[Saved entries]
╭──

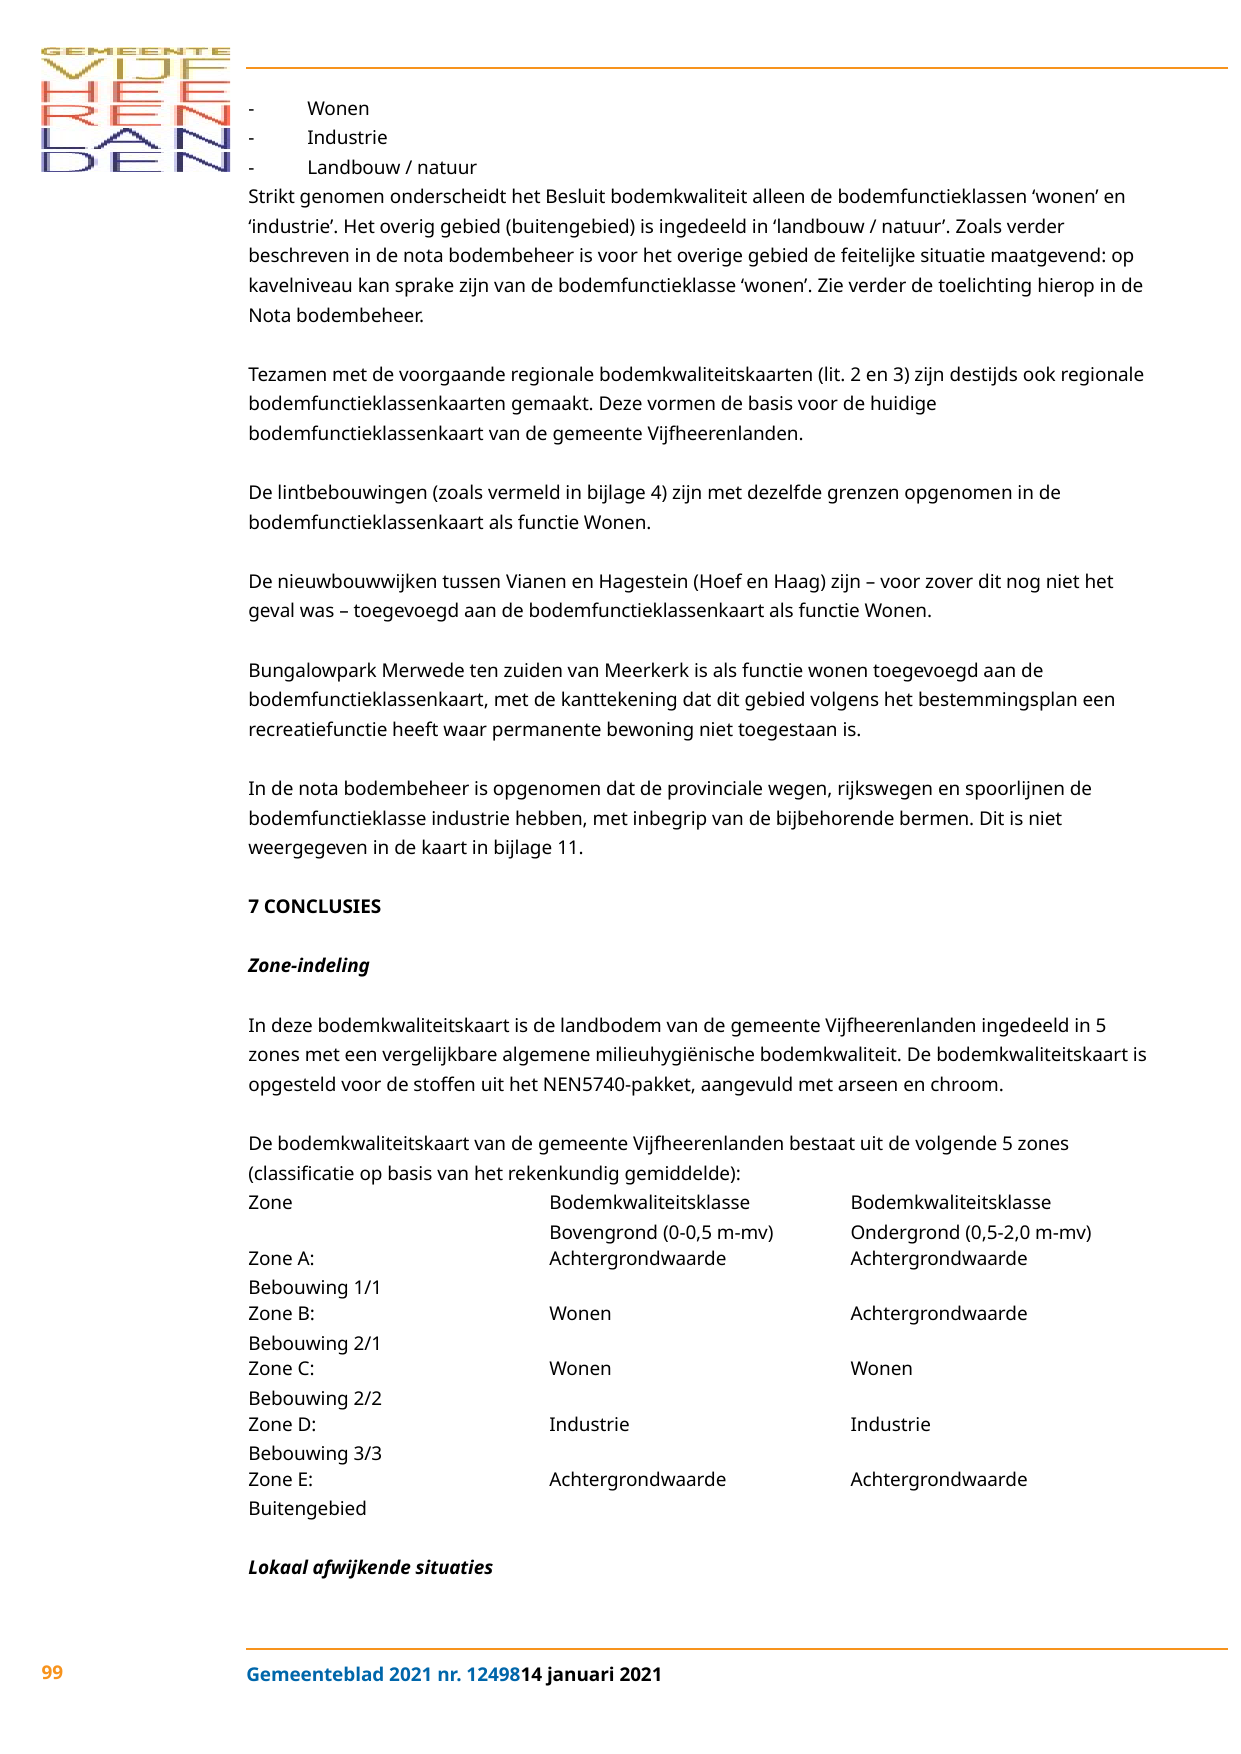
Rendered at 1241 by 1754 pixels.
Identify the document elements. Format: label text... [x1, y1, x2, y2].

table_header Zone [248, 1190, 549, 1245]
table_cell Achtergrondwaarde [850, 1466, 1152, 1521]
text Bungalowpark Merwede ten zuiden van Meerkerk is als functie wonen toegevoegd aan de bodemfunctieklassenkaart, met de kanttekening dat dit gebied volgens het bestemmingsplan een recreatiefunctie heeft waar permanente bewoning niet toegestaan is. [248, 657, 1152, 742]
table_cell Achtergrondwaarde [850, 1245, 1152, 1300]
table_cell Achtergrondwaarde [549, 1466, 850, 1521]
table_cell Industrie [549, 1411, 850, 1466]
table_cell Zone A: Bebouwing 1/1 [248, 1245, 549, 1300]
table_cell Zone E: Buitengebied [248, 1466, 549, 1521]
text Lokaal afwijkende situaties [248, 1554, 1152, 1580]
table_cell Wonen [549, 1300, 850, 1355]
list Wonen [248, 95, 1152, 121]
text De bodemkwaliteitskaart van de gemeente Vijfheerenlanden bestaat uit de volgende 5 zones (classificatie op basis van het rekenkundig gemiddelde): [248, 1130, 1152, 1186]
text In deze bodemkwaliteitskaart is de landbodem van de gemeente Vijfheerenlanden ingedeeld in 5 zones met een vergelijkbare algemene milieuhygiënische bodemkwaliteit. De bodemkwaliteitskaart is opgesteld voor de stoffen uit het NEN5740-pakket, aangevuld met arseen en chroom. [248, 1012, 1152, 1097]
table_cell Achtergrondwaarde [549, 1245, 850, 1300]
table_cell Industrie [850, 1411, 1152, 1466]
table_cell Wonen [850, 1355, 1152, 1411]
table_cell Zone D: Bebouwing 3/3 [248, 1411, 549, 1466]
table_cell Zone C: Bebouwing 2/2 [248, 1355, 549, 1411]
text Tezamen met de voorgaande regionale bodemkwaliteitskaarten (lit. 2 en 3) zijn destijds ook regionale bodemfunctieklassenkaarten gemaakt. Deze vormen de basis voor de huidige bodemfunctieklassenkaart van de gemeente Vijfheerenlanden. [248, 361, 1152, 446]
text Zone-indeling [248, 953, 1152, 978]
table_cell Wonen [549, 1355, 850, 1411]
text De lintbebouwingen (zoals vermeld in bijlage 4) zijn met dezelfde grenzen opgenomen in de bodemfunctieklassenkaart als functie Wonen. [248, 479, 1152, 535]
picture [41, 47, 231, 172]
table_header Bodemkwaliteitsklasse Ondergrond (0,5-2,0 m-mv) [850, 1190, 1152, 1245]
text In de nota bodembeheer is opgenomen dat de provinciale wegen, rijkswegen en spoorlijnen de bodemfunctieklasse industrie hebben, met inbegrip van de bijbehorende bermen. Dit is niet weergegeven in de kaart in bijlage 11. [248, 775, 1152, 860]
table_header Bodemkwaliteitsklasse Bovengrond (0-0,5 m-mv) [549, 1190, 850, 1245]
text Strikt genomen onderscheidt het Besluit bodemkwaliteit alleen de bodemfunctieklassen ‘wonen’ en ‘industrie’. Het overig gebied (buitengebied) is ingedeeld in ‘landbouw / natuur’. Zoals verder beschreven in de nota bodembeheer is voor het overige gebied de feitelijke situatie maatgevend: op kavelniveau kan sprake zijn van de bodemfunctieklasse ‘wonen’. Zie verder de toelichting hierop in de Nota bodembeheer. [248, 183, 1152, 328]
table_cell Achtergrondwaarde [850, 1300, 1152, 1355]
list Industrie [248, 124, 1152, 150]
table_cell Zone B: Bebouwing 2/1 [248, 1300, 549, 1355]
list Landbouw / natuur [248, 154, 1152, 180]
text De nieuwbouwwijken tussen Vianen en Hagestein (Hoef en Haag) zijn – voor zover dit nog niet het geval was – toegevoegd aan de bodemfunctieklassenkaart als functie Wonen. [248, 568, 1152, 623]
text 7 CONCLUSIES [248, 893, 1152, 919]
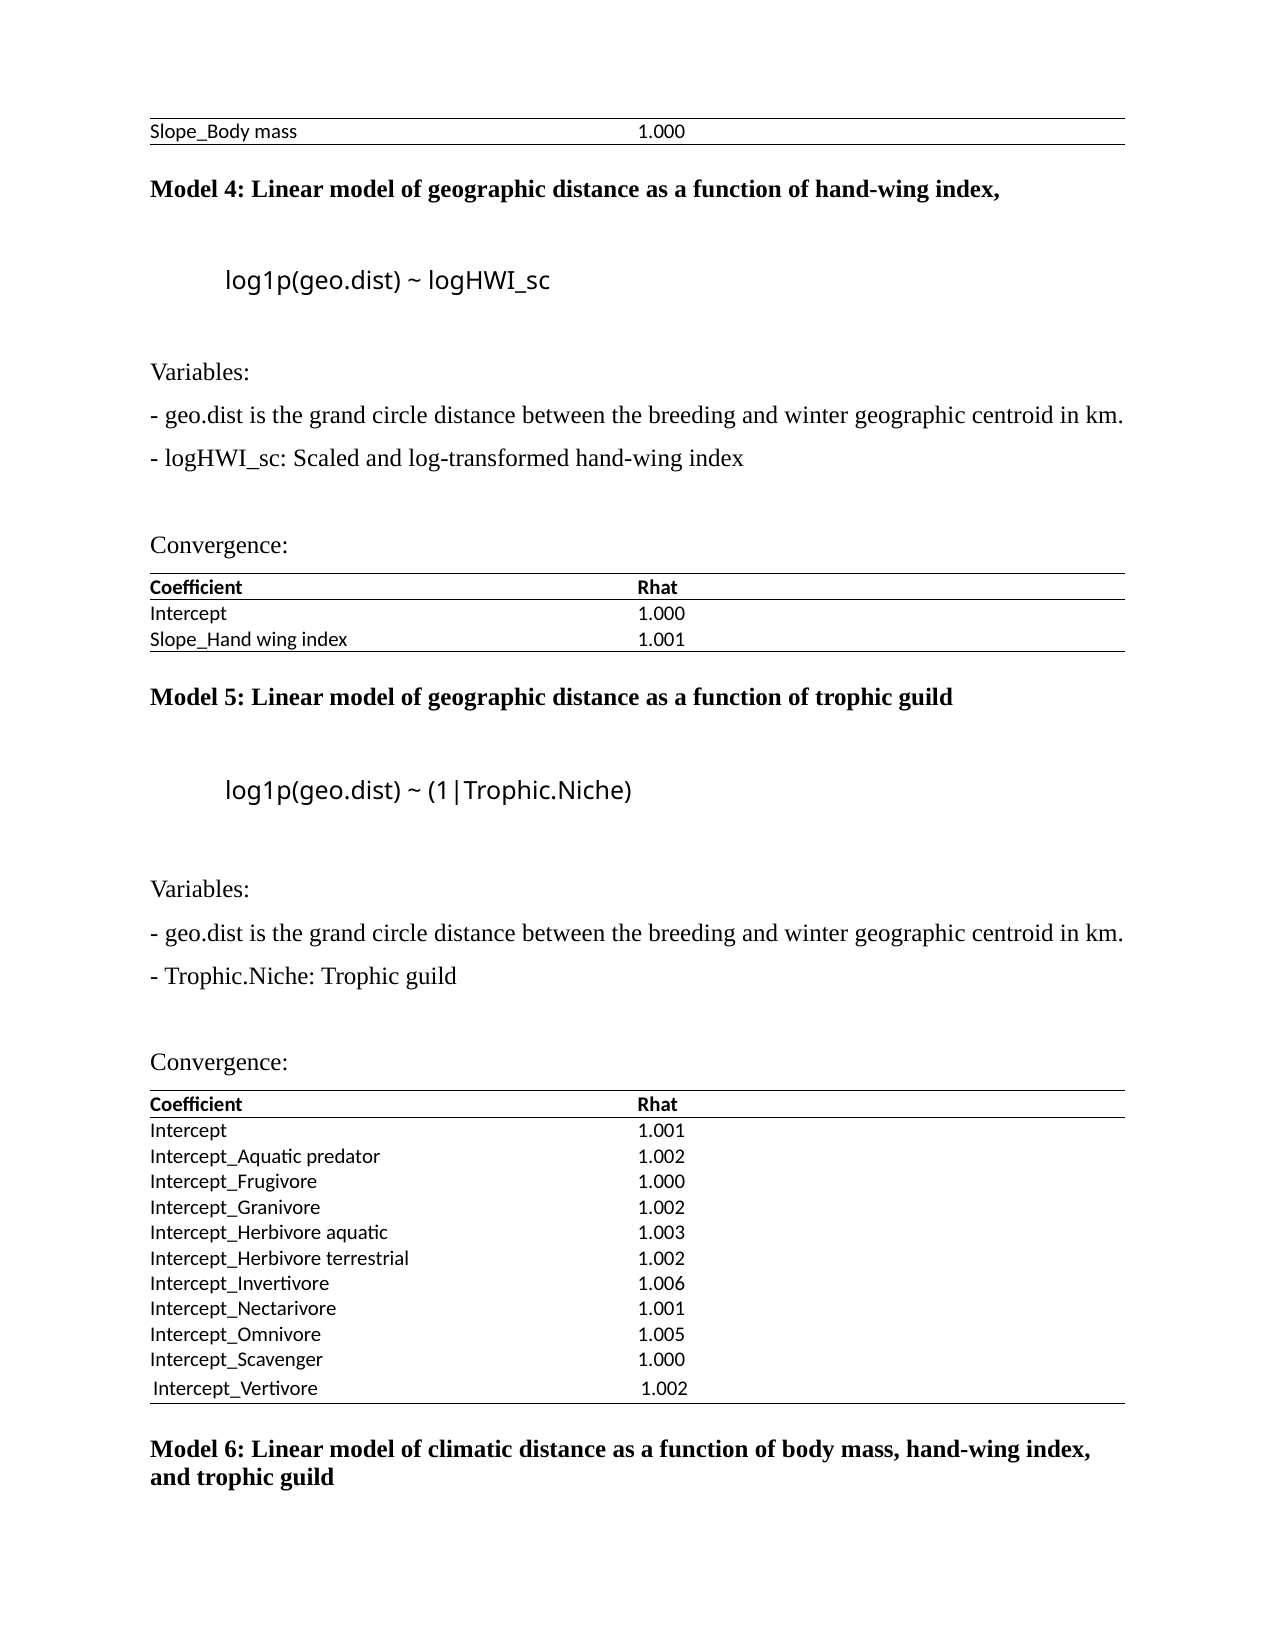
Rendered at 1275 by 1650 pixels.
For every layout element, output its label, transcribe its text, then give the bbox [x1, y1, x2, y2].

text - logHWI_sc: Scaled and log-transformed hand-wing index [150, 443, 1125, 472]
table_header Coefficient [150, 574, 637, 599]
table_cell Slope_Hand wing index [150, 626, 637, 651]
table_cell 1.002 [638, 1194, 1125, 1219]
text Convergence: [150, 530, 1125, 558]
text Variables: [150, 357, 1125, 386]
table_cell Intercept_Vertivore [150, 1372, 637, 1403]
text Variables: [150, 874, 1125, 903]
text Model 5: Linear model of geographic distance as a function of trophic guild [150, 682, 1125, 711]
table_cell Intercept_Invertivore [150, 1270, 637, 1296]
table_cell Intercept_Nectarivore [150, 1296, 637, 1321]
table_cell Intercept_Granivore [150, 1194, 637, 1219]
table_cell 1.005 [638, 1321, 1125, 1346]
text Model 4: Linear model of geographic distance as a function of hand-wing index, [150, 174, 1125, 203]
text Convergence: [150, 1047, 1125, 1076]
table_cell 1.002 [638, 1372, 1125, 1403]
table_cell 1.003 [638, 1219, 1125, 1245]
table_cell Slope_Body mass [150, 119, 637, 143]
table_cell 1.000 [638, 119, 1125, 143]
text - Trophic.Niche: Trophic guild [150, 961, 1125, 989]
table_cell 1.006 [638, 1270, 1125, 1296]
table_cell 1.002 [638, 1143, 1125, 1168]
table_cell 1.001 [638, 626, 1125, 651]
table_cell Intercept_Herbivore terrestrial [150, 1245, 637, 1270]
table_cell Intercept_Aquatic predator [150, 1143, 637, 1168]
table_cell 1.001 [638, 1296, 1125, 1321]
text log1p(geo.dist) ~ logHWI_sc [225, 217, 1125, 297]
table_cell Intercept_Omnivore [150, 1321, 637, 1346]
table_cell 1.000 [638, 600, 1125, 626]
table_cell Intercept [150, 1118, 637, 1143]
table_header Rhat [638, 574, 1125, 599]
table_cell Intercept_Frugivore [150, 1169, 637, 1194]
text - geo.dist is the grand circle distance between the breeding and winter geographic centroid in km. [150, 400, 1125, 429]
text - geo.dist is the grand circle distance between the breeding and winter geographic centroid in km. [150, 918, 1125, 946]
table_cell Intercept [150, 600, 637, 626]
table_cell Intercept_Scavenger [150, 1346, 637, 1372]
table_cell 1.002 [638, 1245, 1125, 1270]
text Model 6: Linear model of climatic distance as a function of body mass, hand-wing index, and trophic guild [150, 1434, 1125, 1491]
table_header Rhat [638, 1091, 1125, 1117]
table_cell 1.000 [638, 1346, 1125, 1372]
table_header Coefficient [150, 1091, 637, 1117]
table_cell Intercept_Herbivore aquatic [150, 1219, 637, 1245]
text log1p(geo.dist) ~ (1|Trophic.Niche) [225, 725, 1125, 806]
table_cell 1.000 [638, 1169, 1125, 1194]
table_cell 1.001 [638, 1118, 1125, 1143]
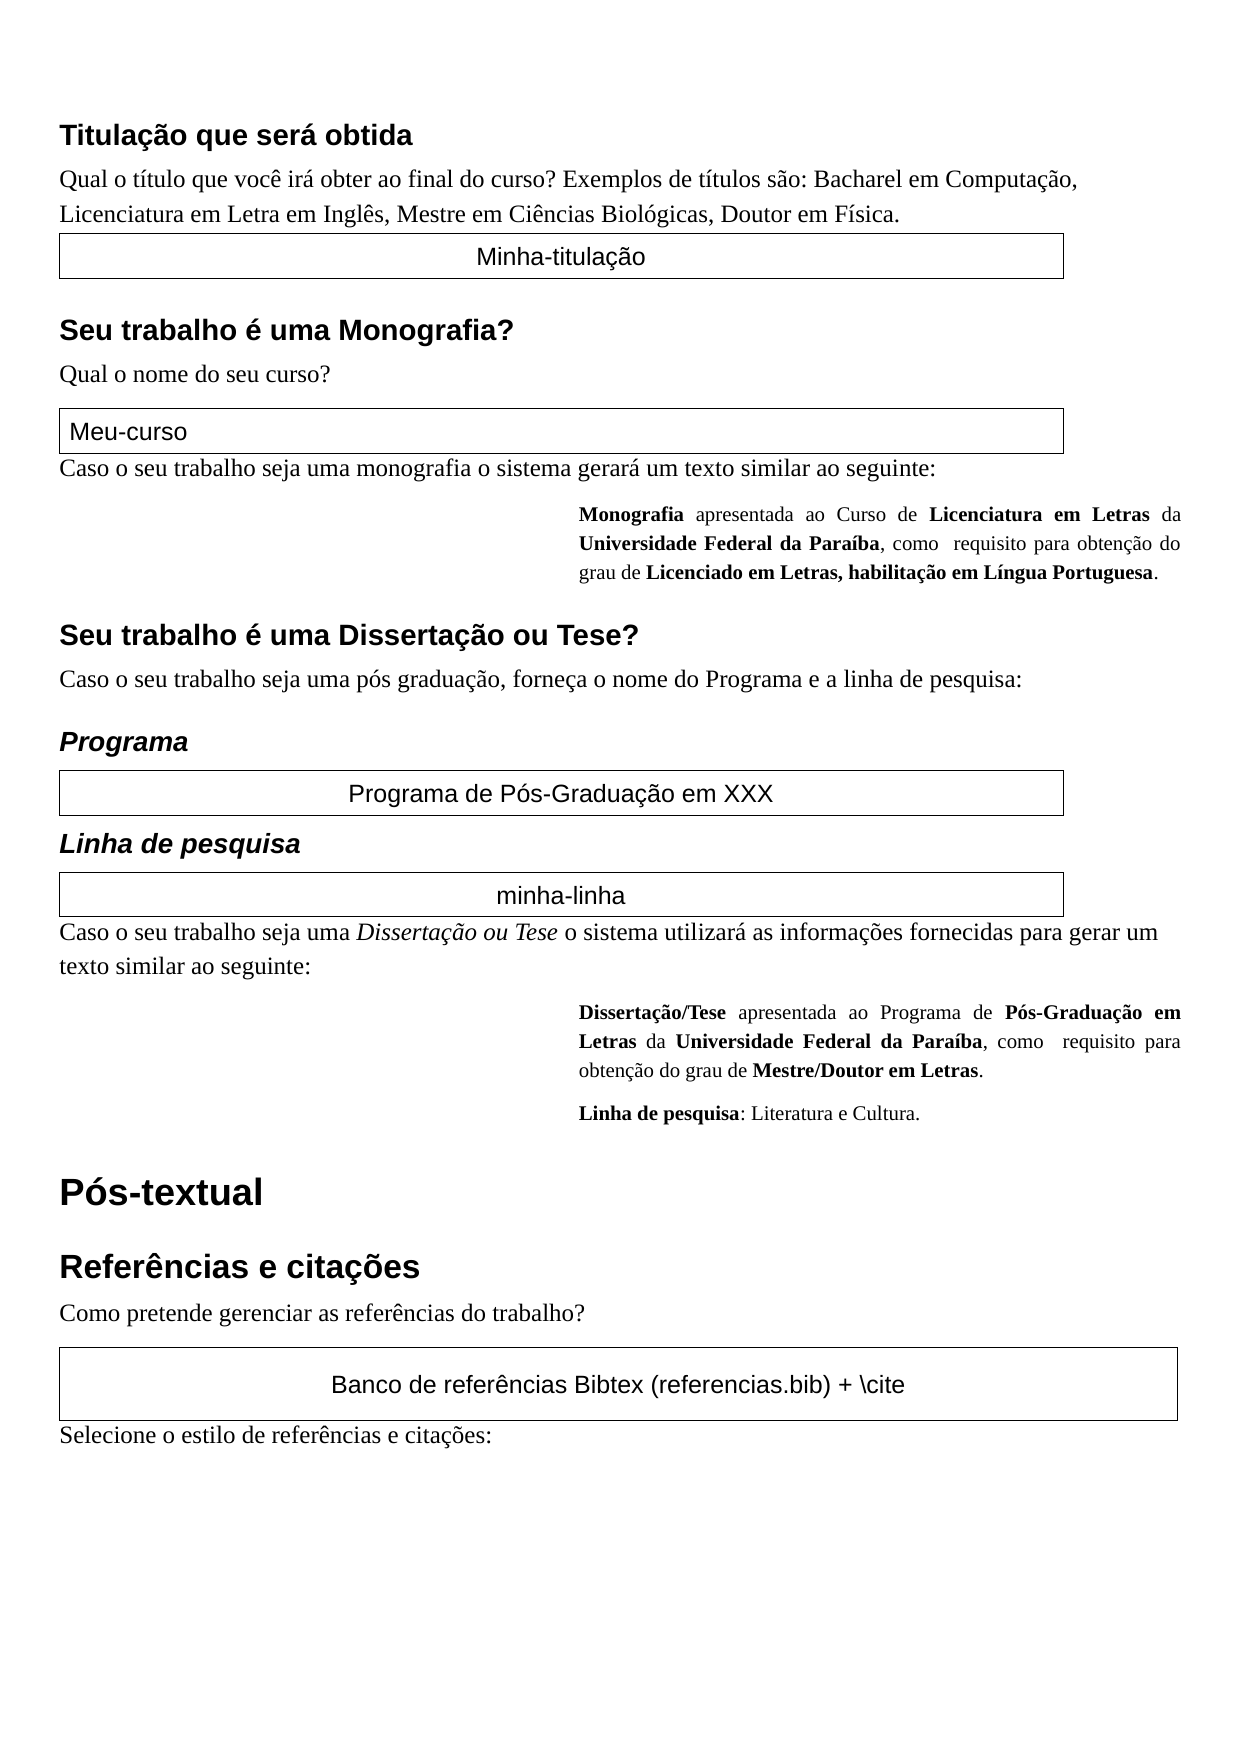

╰──

[Your objective] Given the records above, restate word for word only the lines starting at the one with "table_cell Intercept_Invertivore [150, 1270, 637, 1296]" and ending at the one with "text Convergence: [150, 1047, 1125, 1076]".

[Answer area]
table_cell Intercept_Invertivore [150, 1270, 637, 1296]
table_cell Intercept_Nectarivore [150, 1296, 637, 1321]
table_cell Intercept_Granivore [150, 1194, 637, 1219]
table_cell 1.005 [638, 1321, 1125, 1346]
text Model 4: Linear model of geographic distance as a function of hand-wing index, [150, 174, 1125, 203]
text Convergence: [150, 1047, 1125, 1076]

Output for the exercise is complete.